- Expression of voltage-activated chloride currents in acute slices of human gliomas.
Expression of voltage-activated chloride currents in acute slices of human gliomas.
Using whole-cell patch-clamp recordings, we identified a novel voltage-activated chloride current that was selectively expressed in glioma cells from 23 patient biopsies. Chloride currents were identified in 64% of glioma cells studied in acute slices of nine patient biopsies. These derived from gliomas of various pathological grades. In addition, 98% of cells acutely isolated or in short-term culture from 23 patients diagnosed with gliomas showed chloride current expression. These currents, which we termed glioma chloride currents activated at potentials >45 mV, showed pronounced outward rectification, and were sensitive to bath application of the presumed Cl- channel specific peptide chlorotoxin (approximately 600 nM) derived from Leiurus scorpion venom. Interestingly, low grade tumours (e.g., pilocytic astrocytomas), containing more differentiated, astrocyte-like cells showed expression of glioma chloride currents in concert with voltage-activated sodium and potassium currents also seen in normal astrocytes. By contrast, high grade tumours (e.g., glioblastoma multiforme) expressed almost exclusively chloride currents, suggesting a gradual loss of Na+ currents and gain of Cl- currents with increasing pathological tumour grade. To expand on the observation that these chloride currents are glioma-specific, we introduced experimental tumours in scid mice by intracranial injection of D54MG glioma cells and subsequently recorded from tumour cells and adjacent normal glial cells in acute slices.

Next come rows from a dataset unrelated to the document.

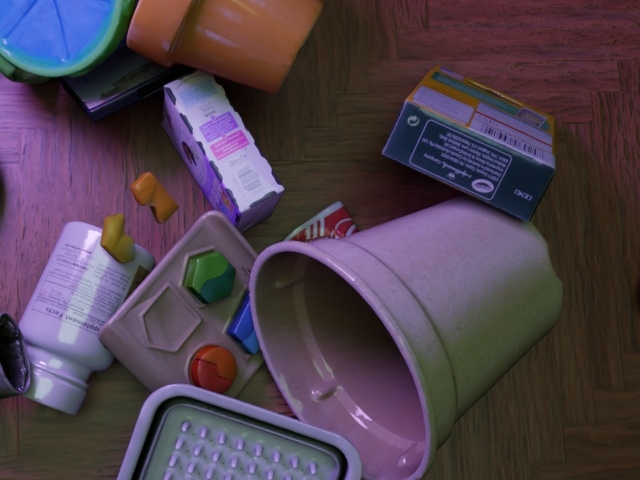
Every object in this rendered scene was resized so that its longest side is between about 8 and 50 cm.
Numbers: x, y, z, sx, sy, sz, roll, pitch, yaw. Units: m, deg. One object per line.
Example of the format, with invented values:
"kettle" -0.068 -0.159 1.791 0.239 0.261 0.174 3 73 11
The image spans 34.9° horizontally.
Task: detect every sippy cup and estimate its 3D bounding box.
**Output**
"sippy cup" -0.303 -0.344 1.338 0.306 0.224 0.240 -6 103 23

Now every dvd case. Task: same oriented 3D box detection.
"dvd case" -0.223 -0.250 1.391 0.253 0.180 0.022 -29 122 -13

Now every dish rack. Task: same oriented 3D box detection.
"dish rack" -0.123 0.351 1.287 0.286 0.072 0.332 19 102 -4

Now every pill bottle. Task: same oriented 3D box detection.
"pill bottle" -0.316 0.102 1.321 0.131 0.131 0.229 23 77 -4

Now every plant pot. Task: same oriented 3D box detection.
"plant pot" -0.105 -0.281 1.245 0.188 0.205 0.205 28 77 -6
"plant pot" 0.129 0.094 1.304 0.305 0.334 0.333 -28 84 -31

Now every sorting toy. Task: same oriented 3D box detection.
"sorting toy" -0.172 0.075 1.311 0.229 0.041 0.307 -49 118 -21

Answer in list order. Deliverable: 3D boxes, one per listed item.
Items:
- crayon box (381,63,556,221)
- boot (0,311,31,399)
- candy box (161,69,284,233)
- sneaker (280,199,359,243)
"crayon box" 0.214 -0.143 1.388 0.203 0.323 0.083 25 112 4
"boot" -0.468 0.126 1.268 0.076 0.209 0.189 -27 95 -55
"candy box" -0.136 -0.115 1.371 0.070 0.165 0.196 -30 85 -14
"sneaker" 0.000 0.000 1.433 0.118 0.042 0.067 -35 83 -15

We consistently observed expression of chlorotoxin-sensitive chloride channels in implanted glioma cells, but without evidence for expression of chloride channels in surrounding "normal" host glial cells, suggesting that these chloride channels are probably a glioma-specific feature. Finding of this novel glioma specific Cl- channel in gliomas in situ and it's selective binding of chlorotoxin may provide a way to identify or target glioma cells in the future.